▶ [YOUR TASK]:
A word-for-word copy of the lines below, starting at the line with "Step 0: click (568, 113)" and ending at the last one, is what you should give. Omit every picture.

*** Opening EXTRACTED RECORDS ***

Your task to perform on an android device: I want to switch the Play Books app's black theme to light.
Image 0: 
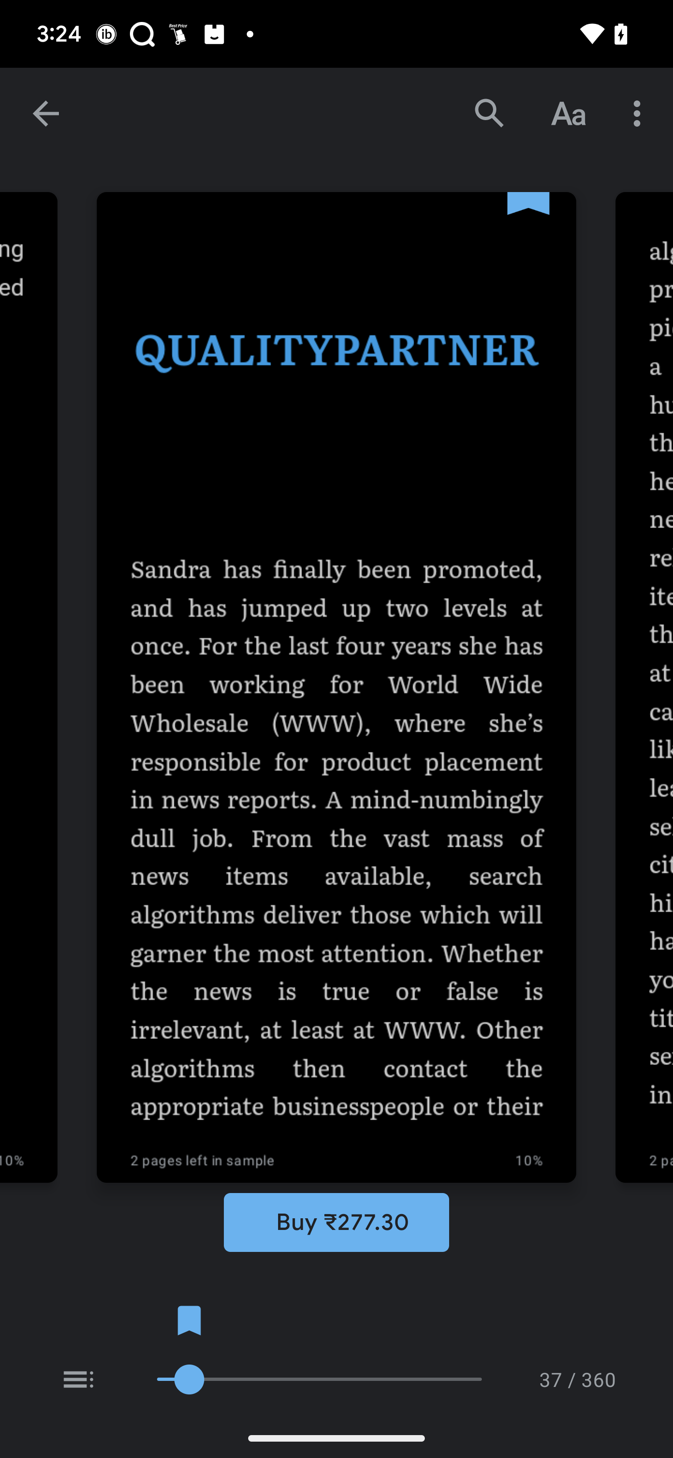
Click on the font icon to view more option
Step 0: click (568, 113)
Image 1: 
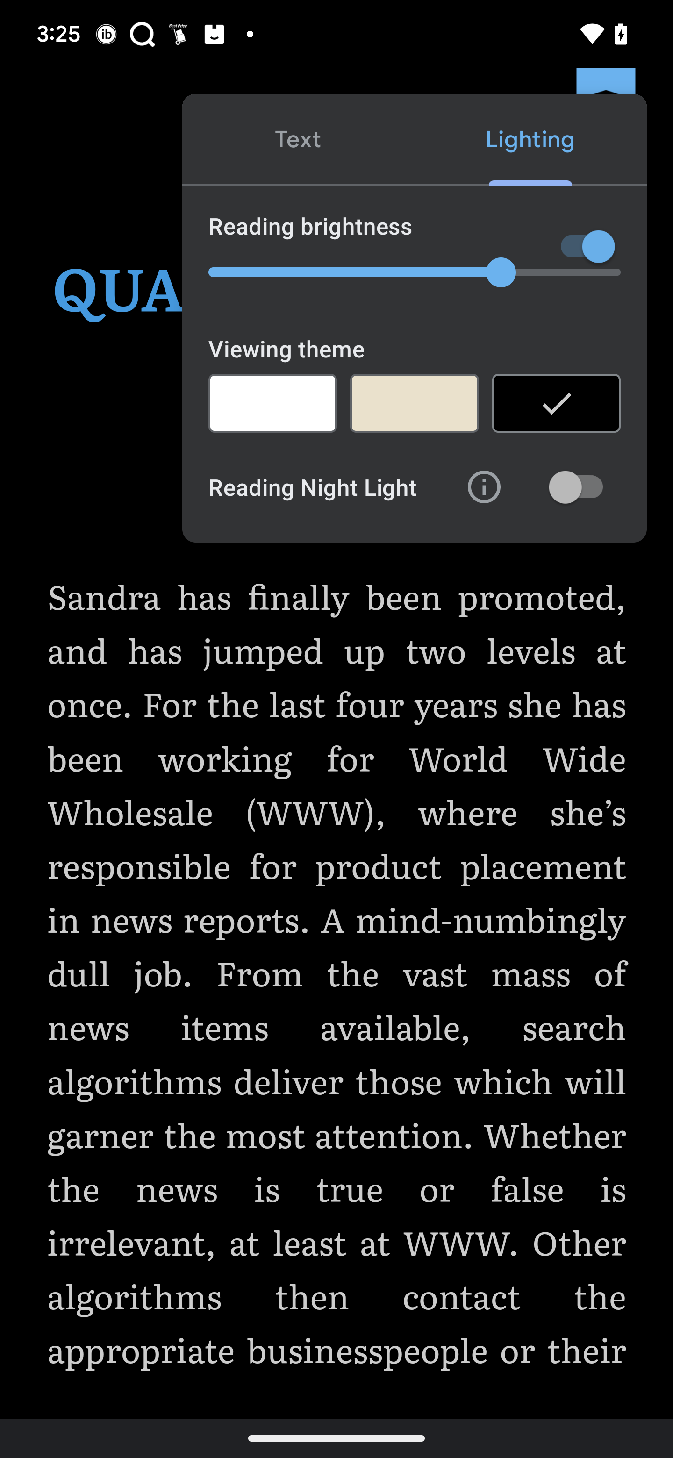
Click on the light theme option
Step 1: click (272, 403)

*** Closing EXTRACTED RECORDS ***

▶ [EXERCISE SOLUTION]:
Step 0: click (568, 113)
Image 1: 
Click on the light theme option
Step 1: click (272, 403)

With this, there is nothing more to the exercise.